The Marmora meteorite (?)

sample [136 kb]
Rock on display at Earl Prentice Elementary School
Photograph by Judy Backus, Community Press, Marmora, Ont.


A striking boulder, weighing 74 kg, is on display at a Marmora school, to which it was donated by Mr. Art Priestley in January 2000. It is a rather well-rounded, 53x38x34-cm block with a rough exterior. It is very distinctive, and had been tentatively identified as a meteorite. If verified as such, a rock this big would be the fifth-heaviest Canadian meteorite. Two stony and two iron meteorites are heavier in terms of the total mass of all material recovered: the largest is the 303-kg Bruderheim stony meteorite, a shower of stones which fell in Alberta in 1960, and the second-largest is the Madoc iron, 168 kg, a single metallic mass found east of Marmora in 1854.

The boulder

The Marmora boulder was examined on 20 June 2003. As the fine photograph suggests, it is a handsome mass of a coarse-grained igneous rock, and probably a local example of a plutonic rock named gabbro. The rock is massive (lacking bands of distinct composition or orientation) and coarsely crystalline, composed of crystals roughly 4 mm in size. The small broken area exposes tabular grains of shiny greyish plagioclase feldspar and dark greenish-black silicates rich in iron, calcium and magnesium (pyroxene, probably metamorphosed to amphibole, and possibly olivine, not identified) and traces of iron oxides. The rock was found submerged in a local swamp, which may account for its unusual surface texture, in which bladed feldspar crystals, etched to a white and frosted finish, stand proud over pits presumably developed where acid swamp waters dissolved the more reactive dark minerals.

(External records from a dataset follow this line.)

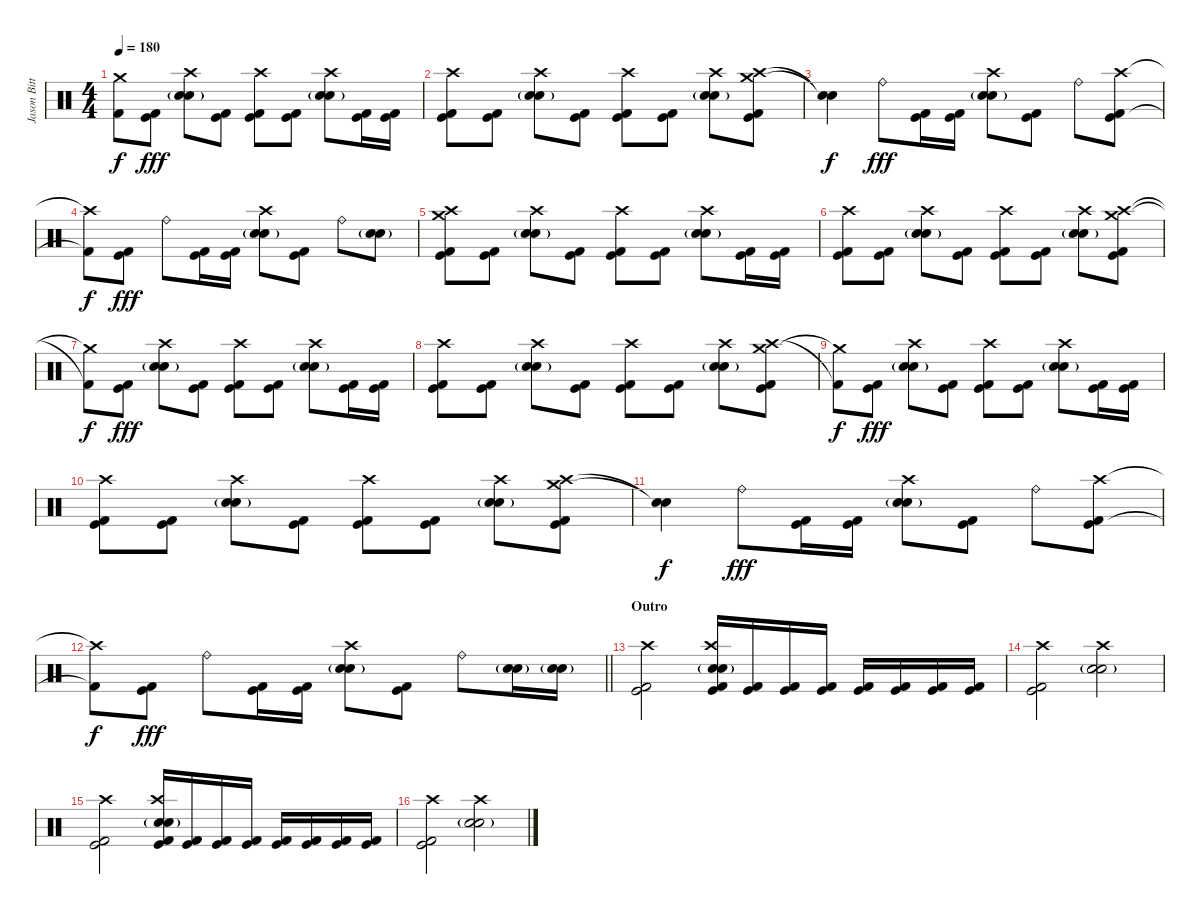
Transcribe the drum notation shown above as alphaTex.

\track ("Jason Bittner" "Jason Bitt") {instrument percussion}
\staff {score}
\articulation defaults
\ts (4 4)
\tempo 180
\clef neutral
\ks c
("Crash medium (hit)"{t} "Kick (hit) 2"{t}).8{dy f} ("Kick (hit)" "Kick (hit) 2").8{dy fff} ("Crash high (hit)" "Snare (hit) 2"{g} "Electric Snare (hit)").8 ("Kick (hit)" "Kick (hit) 2").8 ("Crash high (hit)" "Kick (hit)" "Kick (hit) 2").8 ("Kick (hit)" "Kick (hit) 2").8 ("Crash high (hit)" "Snare (hit) 2"{g} "Electric Snare (hit)").8 ("Kick (hit)" "Kick (hit) 2").16 ("Kick (hit)" "Kick (hit) 2").16 |
("Crash high (hit)" "Kick (hit)" "Kick (hit) 2").8 ("Kick (hit)" "Kick (hit) 2").8 ("Crash high (hit)" "Snare (hit) 2"{g} "Electric Snare (hit)").8 ("Kick (hit)" "Kick (hit) 2").8 ("Crash high (hit)" "Kick (hit)" "Kick (hit) 2").8 ("Kick (hit)" "Kick (hit) 2").8 ("Crash high (hit)" "Snare (hit) 2"{g} "Electric Snare (hit)").8 ("Crash medium (hit)" "Crash high (hit)" "Kick (hit)" "Kick (hit) 2").8 |
("Snare (hit)"{t} "Snare (hit)"{t}).4{dy f} "Ride (bell)".8{dy fff} ("Kick (hit)" "Kick (hit) 2").16 ("Kick (hit)" "Kick (hit) 2").16 ("Crash high (hit)" "Snare (hit) 2"{g} "Electric Snare (hit)").8 ("Kick (hit)" "Kick (hit) 2").8 "Ride (bell)".8 ("Crash high (hit)" "Kick (hit)" "Kick (hit) 2").8 |
("Crash high (hit)"{t} "Kick (hit) 2"{t}).8{dy f} ("Kick (hit)" "Kick (hit) 2").8{dy fff} "Ride (bell)".8 ("Kick (hit)" "Kick (hit) 2").16 ("Kick (hit)" "Kick (hit) 2").16 ("Crash high (hit)" "Snare (hit) 2"{g} "Electric Snare (hit)").8 ("Kick (hit)" "Kick (hit) 2").8 "Ride (bell)".8 ("Snare (hit) 2"{g} "Electric Snare (hit)").8 |
("Crash medium (hit)" "Crash high (hit)" "Kick (hit)" "Kick (hit) 2").8 ("Kick (hit)" "Kick (hit) 2").8 ("Crash high (hit)" "Snare (hit) 2"{g} "Electric Snare (hit)").8 ("Kick (hit)" "Kick (hit) 2").8 ("Crash high (hit)" "Kick (hit)" "Kick (hit) 2").8 ("Kick (hit)" "Kick (hit) 2").8 ("Crash high (hit)" "Snare (hit) 2"{g} "Electric Snare (hit)").8 ("Kick (hit)" "Kick (hit) 2").16 ("Kick (hit)" "Kick (hit) 2").16 |
("Crash high (hit)" "Kick (hit)" "Kick (hit) 2").8 ("Kick (hit)" "Kick (hit) 2").8 ("Crash high (hit)" "Snare (hit) 2"{g} "Electric Snare (hit)").8 ("Kick (hit)" "Kick (hit) 2").8 ("Crash high (hit)" "Kick (hit)" "Kick (hit) 2").8 ("Kick (hit)" "Kick (hit) 2").8 ("Crash high (hit)" "Snare (hit) 2"{g} "Electric Snare (hit)").8 ("Crash medium (hit)" "Crash high (hit)" "Kick (hit)" "Kick (hit) 2").8 |
("Crash medium (hit)"{t} "Kick (hit) 2"{t}).8{dy f} ("Kick (hit)" "Kick (hit) 2").8{dy fff} ("Crash high (hit)" "Snare (hit) 2"{g} "Electric Snare (hit)").8 ("Kick (hit)" "Kick (hit) 2").8 ("Crash high (hit)" "Kick (hit)" "Kick (hit) 2").8 ("Kick (hit)" "Kick (hit) 2").8 ("Crash high (hit)" "Snare (hit) 2"{g} "Electric Snare (hit)").8 ("Kick (hit)" "Kick (hit) 2").16 ("Kick (hit)" "Kick (hit) 2").16 |
("Crash high (hit)" "Kick (hit)" "Kick (hit) 2").8 ("Kick (hit)" "Kick (hit) 2").8 ("Crash high (hit)" "Snare (hit) 2"{g} "Electric Snare (hit)").8 ("Kick (hit)" "Kick (hit) 2").8 ("Crash high (hit)" "Kick (hit)" "Kick (hit) 2").8 ("Kick (hit)" "Kick (hit) 2").8 ("Crash high (hit)" "Snare (hit) 2"{g} "Electric Snare (hit)").8 ("Crash medium (hit)" "Crash high (hit)" "Kick (hit)" "Kick (hit) 2").8 |
("Crash medium (hit)"{t} "Kick (hit) 2"{t}).8{dy f} ("Kick (hit)" "Kick (hit) 2").8{dy fff} ("Crash high (hit)" "Snare (hit) 2"{g} "Electric Snare (hit)").8 ("Kick (hit)" "Kick (hit) 2").8 ("Crash high (hit)" "Kick (hit)" "Kick (hit) 2").8 ("Kick (hit)" "Kick (hit) 2").8 ("Crash high (hit)" "Snare (hit) 2"{g} "Electric Snare (hit)").8 ("Kick (hit)" "Kick (hit) 2").16 ("Kick (hit)" "Kick (hit) 2").16 |
("Crash high (hit)" "Kick (hit)" "Kick (hit) 2").8 ("Kick (hit)" "Kick (hit) 2").8 ("Crash high (hit)" "Snare (hit) 2"{g} "Electric Snare (hit)").8 ("Kick (hit)" "Kick (hit) 2").8 ("Crash high (hit)" "Kick (hit)" "Kick (hit) 2").8 ("Kick (hit)" "Kick (hit) 2").8 ("Crash high (hit)" "Snare (hit) 2"{g} "Electric Snare (hit)").8 ("Crash medium (hit)" "Crash high (hit)" "Kick (hit)" "Kick (hit) 2").8 |
("Snare (hit)"{t} "Snare (hit)"{t}).4{dy f} "Ride (bell)".8{dy fff} ("Kick (hit)" "Kick (hit) 2").16 ("Kick (hit)" "Kick (hit) 2").16 ("Crash high (hit)" "Snare (hit) 2"{g} "Electric Snare (hit)").8 ("Kick (hit)" "Kick (hit) 2").8 "Ride (bell)".8 ("Crash high (hit)" "Kick (hit)" "Kick (hit) 2").8 |
\barLineRight lightlight
("Crash high (hit)"{t} "Kick (hit) 2"{t}).8{dy f} ("Kick (hit)" "Kick (hit) 2").8{dy fff} "Ride (bell)".8 ("Kick (hit)" "Kick (hit) 2").16 ("Kick (hit)" "Kick (hit) 2").16 ("Crash high (hit)" "Snare (hit) 2"{g} "Electric Snare (hit)").8 ("Kick (hit)" "Kick (hit) 2").8 "Ride (bell)".8 ("Snare (hit) 2"{g} "Electric Snare (hit)").16 ("Snare (hit) 2"{g} "Electric Snare (hit)").16 |
\section ("" "Outro")
("Crash high (hit)" "Kick (hit)" "Kick (hit) 2").2 ("Crash high (hit)" "Snare (hit) 2"{g} "Electric Snare (hit)" "Kick (hit)" "Kick (hit) 2").16 ("Kick (hit)" "Kick (hit) 2").16 ("Kick (hit)" "Kick (hit) 2").16 ("Kick (hit)" "Kick (hit) 2").16 ("Kick (hit)" "Kick (hit) 2").16 ("Kick (hit)" "Kick (hit) 2").16 ("Kick (hit)" "Kick (hit) 2").16 ("Kick (hit)" "Kick (hit) 2").16 |
("Crash high (hit)" "Kick (hit)" "Kick (hit) 2").2 ("Crash high (hit)" "Snare (hit) 2"{g} "Electric Snare (hit)").2 |
("Crash high (hit)" "Kick (hit)" "Kick (hit) 2").2 ("Crash high (hit)" "Snare (hit) 2"{g} "Electric Snare (hit)" "Kick (hit)" "Kick (hit) 2").16 ("Kick (hit)" "Kick (hit) 2").16 ("Kick (hit)" "Kick (hit) 2").16 ("Kick (hit)" "Kick (hit) 2").16 ("Kick (hit)" "Kick (hit) 2").16 ("Kick (hit)" "Kick (hit) 2").16 ("Kick (hit)" "Kick (hit) 2").16 ("Kick (hit)" "Kick (hit) 2").16 |
("Crash high (hit)" "Kick (hit)" "Kick (hit) 2").2 ("Crash high (hit)" "Snare (hit) 2"{g} "Electric Snare (hit)").2
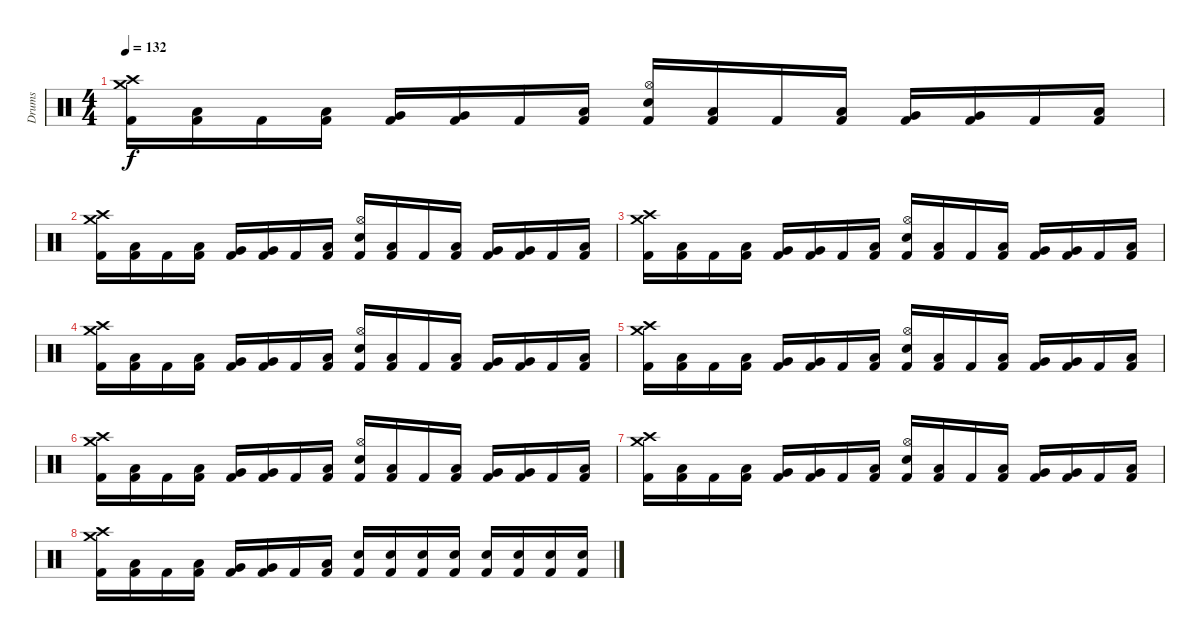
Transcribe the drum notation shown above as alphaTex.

\track ("Drums" "Drums") {instrument percussion}
\staff {score}
\articulation defaults
\ts (4 4)
\tempo 132
\clef neutral
\ks c
("Crash medium (hit)" "Crash high (hit)" "Kick (hit) 2").16{dy f} ("Low Tom (hit)" "Kick (hit) 2").16 "Kick (hit) 2".16 ("Low Tom (hit)" "Kick (hit) 2").16 ("Very Low Tom (hit)" "Kick (hit) 2").16 ("Very Low Tom (hit)" "Kick (hit) 2").16 "Kick (hit) 2".16 ("Low Floor Tom (hit)" "Kick (hit) 2").16 ("Hi-Hat (open)" "Electric Snare (hit)" "Kick (hit) 2").16 ("Low Tom (hit)" "Kick (hit) 2").16 "Kick (hit) 2".16 ("Low Tom (hit)" "Kick (hit) 2").16 ("Very Low Tom (hit)" "Kick (hit) 2").16 ("Very Low Tom (hit)" "Kick (hit) 2").16 "Kick (hit) 2".16 ("Low Floor Tom (hit)" "Kick (hit) 2").16 |
("Crash medium (hit)" "Crash high (hit)" "Kick (hit) 2").16 ("Low Tom (hit)" "Kick (hit) 2").16 "Kick (hit) 2".16 ("Low Tom (hit)" "Kick (hit) 2").16 ("Very Low Tom (hit)" "Kick (hit) 2").16 ("Very Low Tom (hit)" "Kick (hit) 2").16 "Kick (hit) 2".16 ("Low Floor Tom (hit)" "Kick (hit) 2").16 ("Hi-Hat (open)" "Electric Snare (hit)" "Kick (hit) 2").16 ("Low Tom (hit)" "Kick (hit) 2").16 "Kick (hit) 2".16 ("Low Tom (hit)" "Kick (hit) 2").16 ("Very Low Tom (hit)" "Kick (hit) 2").16 ("Very Low Tom (hit)" "Kick (hit) 2").16 "Kick (hit) 2".16 ("Low Floor Tom (hit)" "Kick (hit) 2").16 |
("Crash medium (hit)" "Crash high (hit)" "Kick (hit) 2").16 ("Low Tom (hit)" "Kick (hit) 2").16 "Kick (hit) 2".16 ("Low Tom (hit)" "Kick (hit) 2").16 ("Very Low Tom (hit)" "Kick (hit) 2").16 ("Very Low Tom (hit)" "Kick (hit) 2").16 "Kick (hit) 2".16 ("Low Floor Tom (hit)" "Kick (hit) 2").16 ("Hi-Hat (open)" "Electric Snare (hit)" "Kick (hit) 2").16 ("Low Tom (hit)" "Kick (hit) 2").16 "Kick (hit) 2".16 ("Low Tom (hit)" "Kick (hit) 2").16 ("Very Low Tom (hit)" "Kick (hit) 2").16 ("Very Low Tom (hit)" "Kick (hit) 2").16 "Kick (hit) 2".16 ("Low Floor Tom (hit)" "Kick (hit) 2").16 |
("Crash medium (hit)" "Crash high (hit)" "Kick (hit) 2").16 ("Low Tom (hit)" "Kick (hit) 2").16 "Kick (hit) 2".16 ("Low Tom (hit)" "Kick (hit) 2").16 ("Very Low Tom (hit)" "Kick (hit) 2").16 ("Very Low Tom (hit)" "Kick (hit) 2").16 "Kick (hit) 2".16 ("Low Floor Tom (hit)" "Kick (hit) 2").16 ("Hi-Hat (open)" "Electric Snare (hit)" "Kick (hit) 2").16 ("Low Tom (hit)" "Kick (hit) 2").16 "Kick (hit) 2".16 ("Low Tom (hit)" "Kick (hit) 2").16 ("Very Low Tom (hit)" "Kick (hit) 2").16 ("Very Low Tom (hit)" "Kick (hit) 2").16 "Kick (hit) 2".16 ("Low Floor Tom (hit)" "Kick (hit) 2").16 |
("Crash medium (hit)" "Crash high (hit)" "Kick (hit) 2").16 ("Low Tom (hit)" "Kick (hit) 2").16 "Kick (hit) 2".16 ("Low Tom (hit)" "Kick (hit) 2").16 ("Very Low Tom (hit)" "Kick (hit) 2").16 ("Very Low Tom (hit)" "Kick (hit) 2").16 "Kick (hit) 2".16 ("Low Floor Tom (hit)" "Kick (hit) 2").16 ("Hi-Hat (open)" "Electric Snare (hit)" "Kick (hit) 2").16 ("Low Tom (hit)" "Kick (hit) 2").16 "Kick (hit) 2".16 ("Low Tom (hit)" "Kick (hit) 2").16 ("Very Low Tom (hit)" "Kick (hit) 2").16 ("Very Low Tom (hit)" "Kick (hit) 2").16 "Kick (hit) 2".16 ("Low Floor Tom (hit)" "Kick (hit) 2").16 |
("Crash medium (hit)" "Crash high (hit)" "Kick (hit) 2").16 ("Low Tom (hit)" "Kick (hit) 2").16 "Kick (hit) 2".16 ("Low Tom (hit)" "Kick (hit) 2").16 ("Very Low Tom (hit)" "Kick (hit) 2").16 ("Very Low Tom (hit)" "Kick (hit) 2").16 "Kick (hit) 2".16 ("Low Floor Tom (hit)" "Kick (hit) 2").16 ("Hi-Hat (open)" "Electric Snare (hit)" "Kick (hit) 2").16 ("Low Tom (hit)" "Kick (hit) 2").16 "Kick (hit) 2".16 ("Low Tom (hit)" "Kick (hit) 2").16 ("Very Low Tom (hit)" "Kick (hit) 2").16 ("Very Low Tom (hit)" "Kick (hit) 2").16 "Kick (hit) 2".16 ("Low Floor Tom (hit)" "Kick (hit) 2").16 |
("Crash medium (hit)" "Crash high (hit)" "Kick (hit) 2").16 ("Low Tom (hit)" "Kick (hit) 2").16 "Kick (hit) 2".16 ("Low Tom (hit)" "Kick (hit) 2").16 ("Very Low Tom (hit)" "Kick (hit) 2").16 ("Very Low Tom (hit)" "Kick (hit) 2").16 "Kick (hit) 2".16 ("Low Floor Tom (hit)" "Kick (hit) 2").16 ("Hi-Hat (open)" "Electric Snare (hit)" "Kick (hit) 2").16 ("Low Tom (hit)" "Kick (hit) 2").16 "Kick (hit) 2".16 ("Low Tom (hit)" "Kick (hit) 2").16 ("Very Low Tom (hit)" "Kick (hit) 2").16 ("Very Low Tom (hit)" "Kick (hit) 2").16 "Kick (hit) 2".16 ("Low Floor Tom (hit)" "Kick (hit) 2").16 |
("Crash medium (hit)" "Crash high (hit)" "Kick (hit) 2").16 ("Low Tom (hit)" "Kick (hit) 2").16 "Kick (hit) 2".16 ("Low Tom (hit)" "Kick (hit) 2").16 ("Very Low Tom (hit)" "Kick (hit) 2").16 ("Very Low Tom (hit)" "Kick (hit) 2").16 "Kick (hit) 2".16 ("Low Floor Tom (hit)" "Kick (hit) 2").16 ("Electric Snare (hit)" "Kick (hit) 2").16 ("Electric Snare (hit)" "Kick (hit) 2").16 ("Electric Snare (hit)" "Kick (hit) 2").16 ("Electric Snare (hit)" "Kick (hit) 2").16 ("Electric Snare (hit)" "Kick (hit) 2").16 ("Electric Snare (hit)" "Kick (hit) 2").16 ("Electric Snare (hit)" "Kick (hit) 2").16 ("Electric Snare (hit)" "Kick (hit) 2").16

A geologist might well summarize this rock as a Grenville-age (circa 1,000 million years) metagabbro, most likely related to the large, smooth boulder located on the south side of the town of Campbellford, southwest of Marmora. That boulder is easy to find, beside Grand Road on the west bank of the Trent canal, in the IODE parkette opposite the Tim Horton's coffee shop.

The boulder was discovered by Mr. Priestley on 4 December 1999. He excavated it from a swamp in southwest Marmora township (Lot 11, Con IV), just south of Beaver Creek above its confluence with the Crowe River near the northeast corner of Crowe Lake. This area is also in the immediate vicinity of the eastern margin of the Cordova gabbro intrusion. The boulder is well-rounded, and thus may have travelled some way down-ice on the Laurentian ice sheet. Ice-flow directions from the N. or N.N.E. offer at least four other major gabbro masses as likely sources within 50 km of the site: the Thanet, Umfraville, Tudor and Lingham Lake gabbros.

Two questions

So, what is gabbro? Gabbro is a dark "cousin" of granite, formed like granite by slow cooling of molten magma, usually several km below the Earth's surface. The slow process of solidification of the melt permits crystals to grow large, resulting in a mass of coarse crystals visible to the naked eye. Gabbro is dark because it contains more iron and less silica than granite, and typical examples are rich in greenish-black pyroxene and grey plagioclase feldspar, lacking the clear to pale grey quartz, white to pinkish feldspars and shiny mica flakes which comprise the bulk of many granites.

And, why is this not a meteorite? Most meteorites are composed largely of silicate minerals ("stony meteorites" such as Bruderheim, or the small Kitchener meteorite which fell on an Ontario golf course in 1998). A minority of sometimes very-large examples are mostly metal ("iron meteorites" like Madoc) The stony meteorites, unless cut into slices or heavily weathered (very rusty), generally display a thin (roughly 0.5 to 1 mm) fusion crust of material that melted during the meteorite's passage through our atmosphere. This black, glassy crust may be rippled, or cracked or partially flaked away. The stone at Marmora displays a pale, roughened exterior, and a dark interior is visible where a fragment was broken off. This is consistent with a gabbro boulder. If this sample was a stony meteorite, the interior would display certain textures, depending on its type. Most contain shards of shiny nickel-iron metal, and/or yellowish or brownish iron sulphide. Roughly 60 meteorites have been recognized across Canada: the smallest are sand-grain size, the largest a mass of blocks weighing almost one-third of a tonne.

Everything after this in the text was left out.